FIG. 74. Structure deposited by straight-crested bedforms with two sets of straight-crested superimposed bedforms. The superimposed bedforms fluctuate in height, one set growing while the other set diminishes. The periods of height fluctuations are such that the superimposed bedforms experience 13 complete cycles during the time that the main bedform migrates one wavelength. Both sets of superimposed bedforms are migrating away from the viewer, one set obliquely up the lee slope and one set obliquely downslope. At the time that the bedform is depicted, the bedforms migrating up the main lee slope are decreasing in height, and the bedforms migrating down are increasing in height.
RECOGNITION: This example was created to determine the origin of the real structure shown in Figure 75. The upslope and downslope apparent dip directions of individual cross-beds in the outcrop were a clue that the structure was produced by upslope and downslope migration of superimposed bedforms or by along-crest migration of three-dimensional bedforms. The depositional situation shown here was developed by trial-and-error experimentation with different depositional situations that satisfied one of these conditions.

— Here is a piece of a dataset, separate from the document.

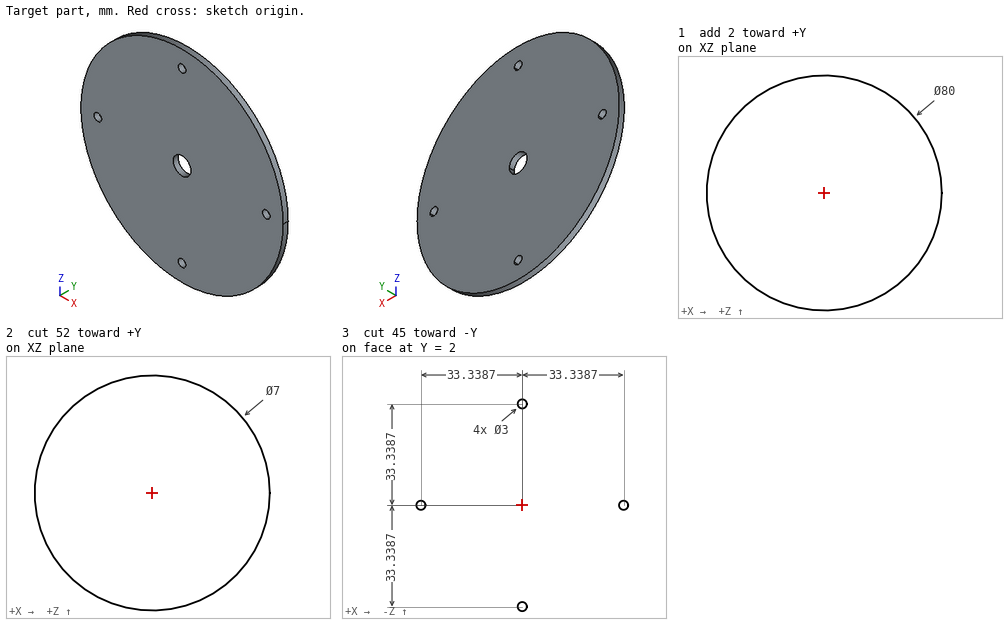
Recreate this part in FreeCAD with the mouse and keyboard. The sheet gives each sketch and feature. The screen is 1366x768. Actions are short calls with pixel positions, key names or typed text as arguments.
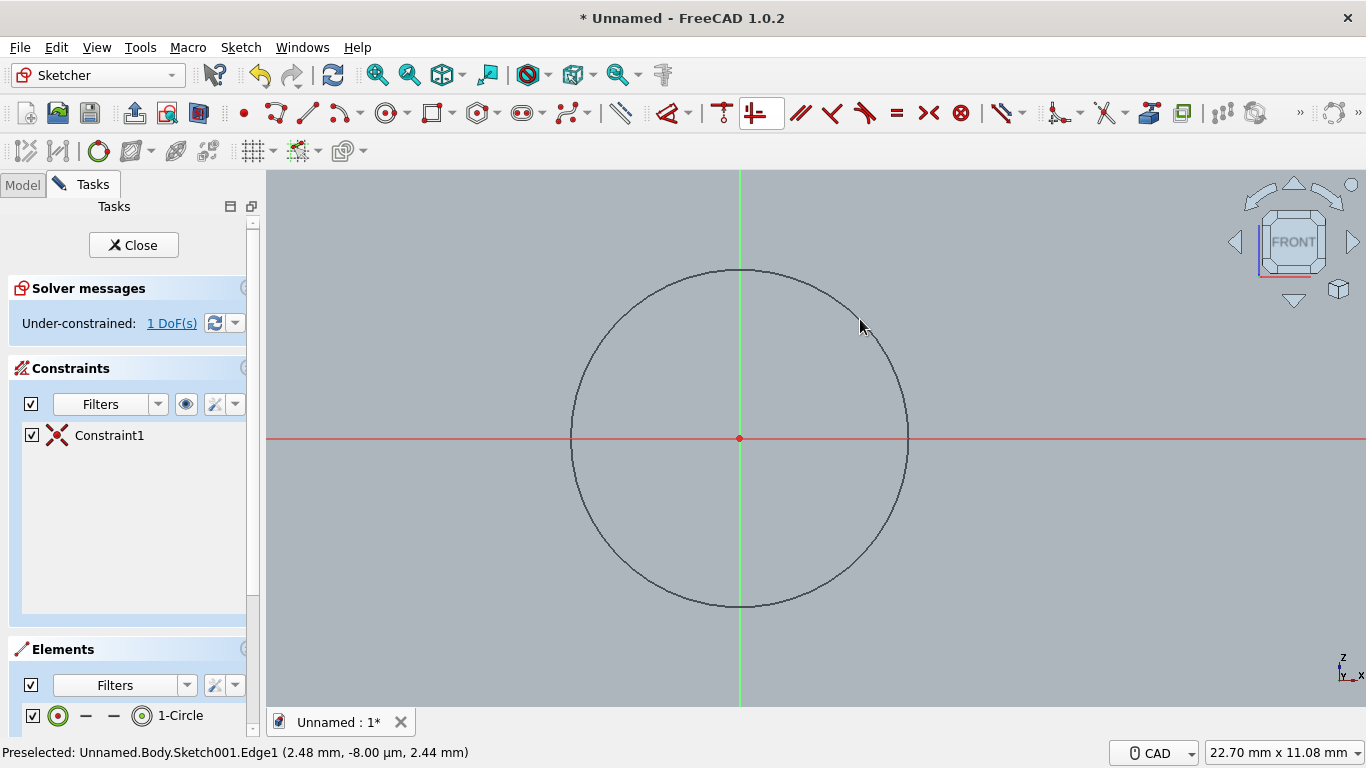
key(d)

ORIGIN: The depositional situation simulated in this computer image requires reversing transport directions and an along-crest (longitudinal) component of sediment transport that is nearly as large as the across-crest (transverse) component of transport. The calculated trend of the transport vector relative to the main crestline is 54 degrees, which means that the main bedform is slightly more transverse than longitudinal. An example of eolian dunes with this kind of morphology is shown in Figure 76, but bedforms with similar morphology and behavior could also be expected to occur in tidal flows.